Try it — Print the data below exactly as it stands, and keep the pictures out.

The data —
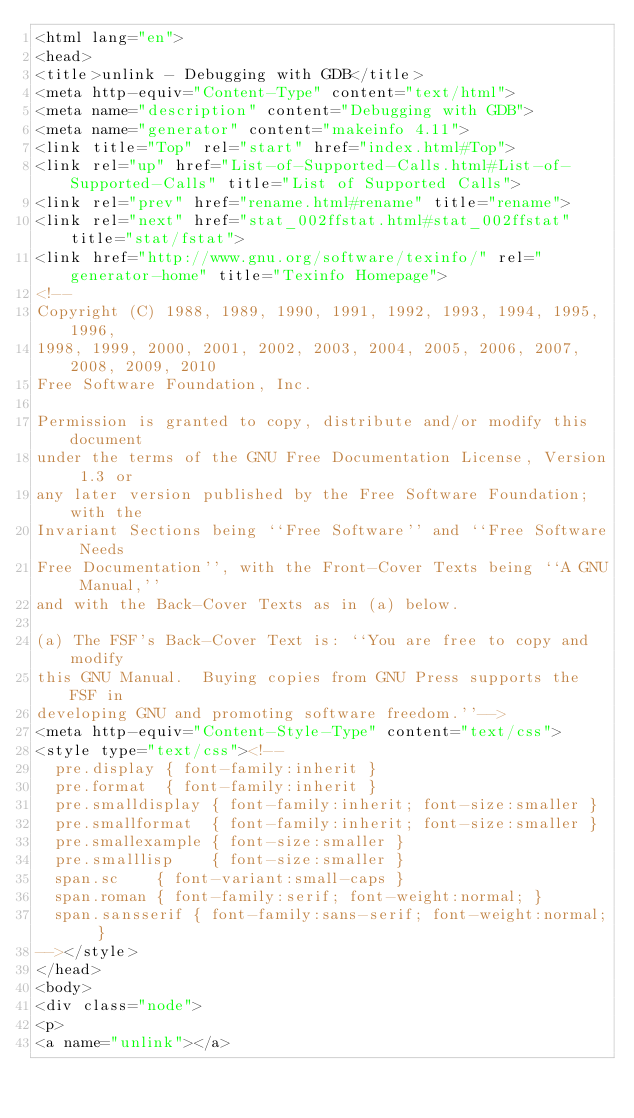<code> <loc_0><loc_0><loc_500><loc_500><_HTML_><html lang="en">
<head>
<title>unlink - Debugging with GDB</title>
<meta http-equiv="Content-Type" content="text/html">
<meta name="description" content="Debugging with GDB">
<meta name="generator" content="makeinfo 4.11">
<link title="Top" rel="start" href="index.html#Top">
<link rel="up" href="List-of-Supported-Calls.html#List-of-Supported-Calls" title="List of Supported Calls">
<link rel="prev" href="rename.html#rename" title="rename">
<link rel="next" href="stat_002ffstat.html#stat_002ffstat" title="stat/fstat">
<link href="http://www.gnu.org/software/texinfo/" rel="generator-home" title="Texinfo Homepage">
<!--
Copyright (C) 1988, 1989, 1990, 1991, 1992, 1993, 1994, 1995, 1996,
1998, 1999, 2000, 2001, 2002, 2003, 2004, 2005, 2006, 2007, 2008, 2009, 2010
Free Software Foundation, Inc.

Permission is granted to copy, distribute and/or modify this document
under the terms of the GNU Free Documentation License, Version 1.3 or
any later version published by the Free Software Foundation; with the
Invariant Sections being ``Free Software'' and ``Free Software Needs
Free Documentation'', with the Front-Cover Texts being ``A GNU Manual,''
and with the Back-Cover Texts as in (a) below.

(a) The FSF's Back-Cover Text is: ``You are free to copy and modify
this GNU Manual.  Buying copies from GNU Press supports the FSF in
developing GNU and promoting software freedom.''-->
<meta http-equiv="Content-Style-Type" content="text/css">
<style type="text/css"><!--
  pre.display { font-family:inherit }
  pre.format  { font-family:inherit }
  pre.smalldisplay { font-family:inherit; font-size:smaller }
  pre.smallformat  { font-family:inherit; font-size:smaller }
  pre.smallexample { font-size:smaller }
  pre.smalllisp    { font-size:smaller }
  span.sc    { font-variant:small-caps }
  span.roman { font-family:serif; font-weight:normal; } 
  span.sansserif { font-family:sans-serif; font-weight:normal; } 
--></style>
</head>
<body>
<div class="node">
<p>
<a name="unlink"></a></code>

Exercise solution —
<code> <loc_0><loc_0><loc_500><loc_500><_HTML_><html lang="en">
<head>
<title>unlink - Debugging with GDB</title>
<meta http-equiv="Content-Type" content="text/html">
<meta name="description" content="Debugging with GDB">
<meta name="generator" content="makeinfo 4.11">
<link title="Top" rel="start" href="index.html#Top">
<link rel="up" href="List-of-Supported-Calls.html#List-of-Supported-Calls" title="List of Supported Calls">
<link rel="prev" href="rename.html#rename" title="rename">
<link rel="next" href="stat_002ffstat.html#stat_002ffstat" title="stat/fstat">
<link href="http://www.gnu.org/software/texinfo/" rel="generator-home" title="Texinfo Homepage">
<!--
Copyright (C) 1988, 1989, 1990, 1991, 1992, 1993, 1994, 1995, 1996,
1998, 1999, 2000, 2001, 2002, 2003, 2004, 2005, 2006, 2007, 2008, 2009, 2010
Free Software Foundation, Inc.

Permission is granted to copy, distribute and/or modify this document
under the terms of the GNU Free Documentation License, Version 1.3 or
any later version published by the Free Software Foundation; with the
Invariant Sections being ``Free Software'' and ``Free Software Needs
Free Documentation'', with the Front-Cover Texts being ``A GNU Manual,''
and with the Back-Cover Texts as in (a) below.

(a) The FSF's Back-Cover Text is: ``You are free to copy and modify
this GNU Manual.  Buying copies from GNU Press supports the FSF in
developing GNU and promoting software freedom.''-->
<meta http-equiv="Content-Style-Type" content="text/css">
<style type="text/css"><!--
  pre.display { font-family:inherit }
  pre.format  { font-family:inherit }
  pre.smalldisplay { font-family:inherit; font-size:smaller }
  pre.smallformat  { font-family:inherit; font-size:smaller }
  pre.smallexample { font-size:smaller }
  pre.smalllisp    { font-size:smaller }
  span.sc    { font-variant:small-caps }
  span.roman { font-family:serif; font-weight:normal; } 
  span.sansserif { font-family:sans-serif; font-weight:normal; } 
--></style>
</head>
<body>
<div class="node">
<p>
<a name="unlink"></a></code>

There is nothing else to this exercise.